Stain Color and Gloss Levels
Hardwood plywood may be produced utilizing a number of materials for the substrate, including veneer core (sometimes called plywood core), and the engineered cores such as particleboard and medium density fiberboard (MDF). I am often asked which core is best, and I always respond, “depends on the application.”
Particleboard and MDF may be a better choice in high exposure applications where strength is not so much an issue. Both have a very smooth surface, uniform thickness, and respectable physical properties. This makes them well suited for most finishes. However, even with particleboard and MDF, very dark stains coupled with a high gloss may and often do exacerbate even the smallest imperfection in the core or face that may be present due simply to the very nature of wood as a raw material. More often than not, these imperfections defy detection until such finish is applied.

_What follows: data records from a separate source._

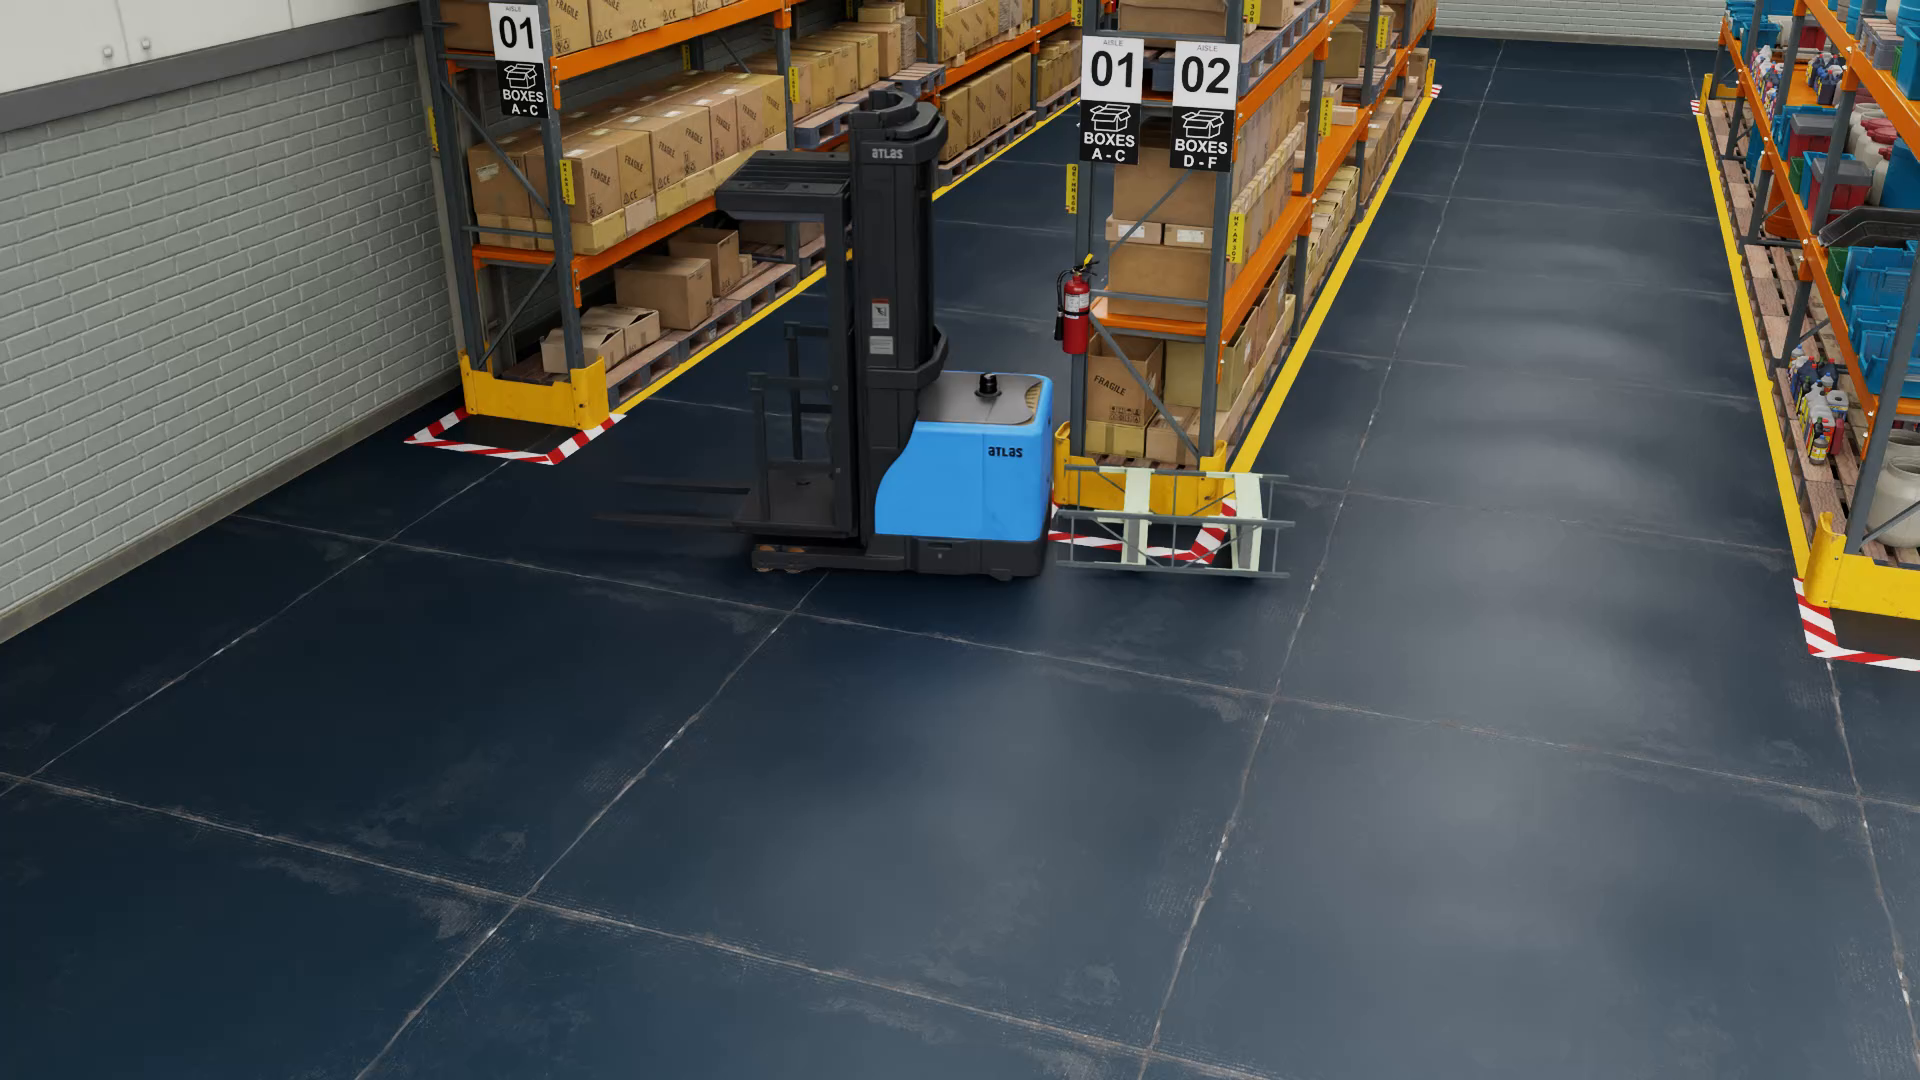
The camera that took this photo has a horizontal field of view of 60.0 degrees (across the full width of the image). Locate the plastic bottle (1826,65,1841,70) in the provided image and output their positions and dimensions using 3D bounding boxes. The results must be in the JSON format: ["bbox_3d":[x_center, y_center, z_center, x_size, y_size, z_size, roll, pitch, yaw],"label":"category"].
[{"bbox_3d":[9.808,-5.201,18.693,0.152,0.276,0.135,9,27,17],"label":"plastic bottle"}]

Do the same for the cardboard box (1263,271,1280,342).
[{"bbox_3d":[2.303,-1.913,13.571,0.500,0.500,0.500,9,27,17],"label":"cardboard box"}]

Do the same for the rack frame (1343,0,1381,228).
[{"bbox_3d":[3.922,-4.900,17.927,1.000,3.000,0.127,9,27,17],"label":"rack frame"}]

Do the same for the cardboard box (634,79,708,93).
[{"bbox_3d":[-2.610,-3.877,15.103,0.500,0.500,0.500,9,27,17],"label":"cardboard box"}]

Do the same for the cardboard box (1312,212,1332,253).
[{"bbox_3d":[3.306,-3.011,16.057,0.500,0.311,0.500,8,27,16],"label":"cardboard box"}]

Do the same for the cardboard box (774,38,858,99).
[{"bbox_3d":[-1.497,-4.924,17.357,0.700,0.500,0.500,13,29,24],"label":"cardboard box"}]

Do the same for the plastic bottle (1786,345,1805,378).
[{"bbox_3d":[6.742,-1.439,13.405,0.097,0.271,0.097,0,26,0],"label":"plastic bottle"}]

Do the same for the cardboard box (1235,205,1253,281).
[{"bbox_3d":[1.769,-2.267,12.375,0.700,0.500,0.500,9,27,18],"label":"cardboard box"}]

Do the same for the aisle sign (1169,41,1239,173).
[{"bbox_3d":[1.527,-2.711,10.423,0.394,0.787,0.004,9,27,17],"label":"aisle sign"}]

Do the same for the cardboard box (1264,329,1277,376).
[{"bbox_3d":[2.315,-1.573,13.731,0.500,0.250,0.500,9,27,17],"label":"cardboard box"}]

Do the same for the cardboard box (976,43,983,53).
[{"bbox_3d":[0.078,-6.246,20.973,0.380,0.149,0.250,9,27,18],"label":"cardboard box"}]

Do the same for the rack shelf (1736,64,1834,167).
[{"bbox_3d":[9.258,-4.678,18.295,1.077,0.370,4.000,9,27,17],"label":"rack shelf"}]

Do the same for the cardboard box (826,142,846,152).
[{"bbox_3d":[-1.539,-4.084,17.745,0.500,0.250,0.500,8,27,16],"label":"cardboard box"}]

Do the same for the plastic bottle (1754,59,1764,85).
[{"bbox_3d":[9.104,-5.317,18.924,0.061,0.283,0.133,9,27,17],"label":"plastic bottle"}]

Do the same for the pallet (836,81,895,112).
[{"bbox_3d":[-1.370,-4.711,17.757,1.003,0.211,1.213,9,27,17],"label":"pallet"}]

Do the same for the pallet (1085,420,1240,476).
[{"bbox_3d":[1.475,-0.677,12.406,1.003,0.211,1.213,9,27,17],"label":"pallet"}]

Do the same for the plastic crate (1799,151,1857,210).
[{"bbox_3d":[7.335,-3.027,14.078,0.392,0.384,0.575,9,27,17],"label":"plastic crate"}]

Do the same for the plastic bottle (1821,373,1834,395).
[{"bbox_3d":[6.667,-1.157,12.824,0.097,0.271,0.097,0,26,0],"label":"plastic bottle"}]

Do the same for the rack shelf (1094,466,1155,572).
[{"bbox_3d":[1.084,-0.150,10.996,0.370,0.431,0.720,3,26,6],"label":"rack shelf"}]

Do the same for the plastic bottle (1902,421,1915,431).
[{"bbox_3d":[7.090,-0.924,12.336,0.152,0.276,0.135,9,27,18],"label":"plastic bottle"}]

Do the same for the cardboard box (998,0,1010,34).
[{"bbox_3d":[0.329,-6.805,21.385,0.500,0.500,0.500,9,27,18],"label":"cardboard box"}]

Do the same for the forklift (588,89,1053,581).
[{"bbox_3d":[-0.926,-1.326,10.626,3.031,2.935,1.130,3,26,7],"label":"forklift"}]

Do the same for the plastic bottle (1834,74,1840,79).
[{"bbox_3d":[9.571,-4.951,18.181,0.097,0.271,0.097,0,26,0],"label":"plastic bottle"}]

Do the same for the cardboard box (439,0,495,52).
[{"bbox_3d":[-3.512,-3.941,12.368,0.500,0.500,0.500,11,28,21],"label":"cardboard box"}]

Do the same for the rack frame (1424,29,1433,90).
[{"bbox_3d":[6.585,-8.187,24.717,1.000,3.000,0.127,9,27,17],"label":"rack frame"}]

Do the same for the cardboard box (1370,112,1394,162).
[{"bbox_3d":[5.020,-4.964,20.424,0.500,0.500,0.500,9,27,18],"label":"cardboard box"}]

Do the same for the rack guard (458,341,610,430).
[{"bbox_3d":[-3.387,-1.235,13.227,1.175,0.500,0.348,9,27,17],"label":"rack guard"}]

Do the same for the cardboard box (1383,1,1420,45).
[{"bbox_3d":[5.680,-6.758,21.651,0.500,0.500,0.500,9,27,19],"label":"cardboard box"}]

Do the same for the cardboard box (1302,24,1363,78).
[{"bbox_3d":[4.026,-5.409,18.382,0.700,0.500,0.500,0,26,0],"label":"cardboard box"}]

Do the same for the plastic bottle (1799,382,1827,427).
[{"bbox_3d":[6.397,-1.018,12.445,0.144,0.351,0.185,9,27,17],"label":"plastic bottle"}]

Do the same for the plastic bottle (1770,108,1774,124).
[{"bbox_3d":[8.380,-4.363,17.047,0.097,0.201,0.097,0,26,0],"label":"plastic bottle"}]

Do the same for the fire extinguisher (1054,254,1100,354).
[{"bbox_3d":[0.783,-1.596,11.193,0.296,0.674,0.183,9,27,17],"label":"fire extinguisher"}]

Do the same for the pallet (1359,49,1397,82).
[{"bbox_3d":[4.565,-5.613,19.621,1.003,0.211,1.213,9,27,17],"label":"pallet"}]

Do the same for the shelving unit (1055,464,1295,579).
[{"bbox_3d":[1.408,-0.132,10.960,1.500,0.431,0.755,3,26,6],"label":"shelving unit"}]

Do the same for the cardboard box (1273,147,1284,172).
[{"bbox_3d":[2.363,-3.032,13.211,0.380,0.149,0.250,9,27,17],"label":"cardboard box"}]

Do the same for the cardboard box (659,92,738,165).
[{"bbox_3d":[-2.285,-3.601,14.534,0.500,0.500,0.500,8,27,16],"label":"cardboard box"}]

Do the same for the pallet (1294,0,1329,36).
[{"bbox_3d":[2.332,-4.212,13.166,1.003,0.211,1.213,9,27,17],"label":"pallet"}]

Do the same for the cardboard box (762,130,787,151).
[{"bbox_3d":[-1.953,-3.675,15.548,0.500,0.250,0.500,9,27,18],"label":"cardboard box"}]

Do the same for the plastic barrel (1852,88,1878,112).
[{"bbox_3d":[8.724,-4.006,15.926,0.600,0.536,0.708,9,27,17],"label":"plastic barrel"}]

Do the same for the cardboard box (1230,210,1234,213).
[{"bbox_3d":[1.679,-2.188,11.467,0.380,0.149,0.250,8,27,16],"label":"cardboard box"}]

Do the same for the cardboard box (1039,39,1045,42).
[{"bbox_3d":[1.036,-7.307,24.541,0.380,0.149,0.250,9,27,18],"label":"cardboard box"}]

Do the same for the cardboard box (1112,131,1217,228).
[{"bbox_3d":[1.445,-2.453,11.270,0.700,0.500,0.500,9,27,18],"label":"cardboard box"}]

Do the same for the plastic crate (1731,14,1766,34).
[{"bbox_3d":[10.424,-6.824,22.025,0.416,0.233,0.300,9,27,17],"label":"plastic crate"}]

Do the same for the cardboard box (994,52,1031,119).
[{"bbox_3d":[0.487,-6.196,22.589,0.750,0.750,0.750,9,27,18],"label":"cardboard box"}]

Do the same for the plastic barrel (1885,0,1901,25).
[{"bbox_3d":[6.933,-3.977,11.969,0.421,0.512,0.421,0,26,0],"label":"plastic barrel"}]

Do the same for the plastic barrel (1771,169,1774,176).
[{"bbox_3d":[9.115,-3.951,18.253,0.600,0.588,0.708,9,27,17],"label":"plastic barrel"}]

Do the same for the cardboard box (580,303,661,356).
[{"bbox_3d":[-2.907,-1.822,14.152,0.500,0.311,0.500,11,28,22],"label":"cardboard box"}]

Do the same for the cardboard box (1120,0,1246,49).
[{"bbox_3d":[1.456,-3.496,10.825,0.797,0.503,0.637,11,28,21],"label":"cardboard box"}]

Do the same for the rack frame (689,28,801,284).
[{"bbox_3d":[-2.081,-3.973,16.013,1.000,3.000,0.127,9,27,17],"label":"rack frame"}]

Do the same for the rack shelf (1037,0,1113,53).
[{"bbox_3d":[1.247,-7.758,24.657,1.077,0.370,4.000,9,27,17],"label":"rack shelf"}]

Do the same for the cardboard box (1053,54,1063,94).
[{"bbox_3d":[1.097,-6.823,24.285,0.700,0.500,0.500,8,27,17],"label":"cardboard box"}]

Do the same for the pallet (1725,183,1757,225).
[{"bbox_3d":[9.223,-3.754,18.762,1.003,0.211,1.213,9,27,17],"label":"pallet"}]

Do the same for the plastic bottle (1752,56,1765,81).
[{"bbox_3d":[9.224,-5.437,19.184,0.097,0.271,0.097,0,26,0],"label":"plastic bottle"}]

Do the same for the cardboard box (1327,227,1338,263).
[{"bbox_3d":[3.471,-2.969,16.613,0.500,0.250,0.500,9,27,18],"label":"cardboard box"}]

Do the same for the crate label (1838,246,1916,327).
[{"bbox_3d":[6.288,-1.704,11.286,0.502,0.435,0.616,9,27,17],"label":"crate label"}]

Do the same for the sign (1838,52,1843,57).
[{"bbox_3d":[10.442,-5.867,19.609,0.100,0.325,0.005,9,27,17],"label":"sign"}]

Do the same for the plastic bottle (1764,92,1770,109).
[{"bbox_3d":[8.651,-4.698,17.739,0.097,0.201,0.097,0,26,0],"label":"plastic bottle"}]

Where strength is an issue, veneer core has higher physical properties than particleboard or MDF. It has a very smooth surface and normally little thickness variation.However, it is a natural wood component,and as such some unavoidable attributes may show through the very thin decorative faces used today. Slight imperfections in the core surface, machine marks, and even the natural grain of the core may telegraph through the face and finish, particularly if the finish is a high gloss, or even worse if the finish is a high gloss over a dark stain. This finish virtually serves as a magnifying glass to highlight even the most subtle attributes of the core. Again, surface preparation is the key, along with selecting a satin or medium gloss top coat over a light color stain.
A beautiful finish on a piece of fine furniture, millwork, or cabinetry is a marvel to behold. With the proper surface preparation, substrate selection, finishing materials, and finish application methods it is also achievable. The temptation to short cut any of these processes can and often does produce less than satisfactory results and must be resisted whenever possible.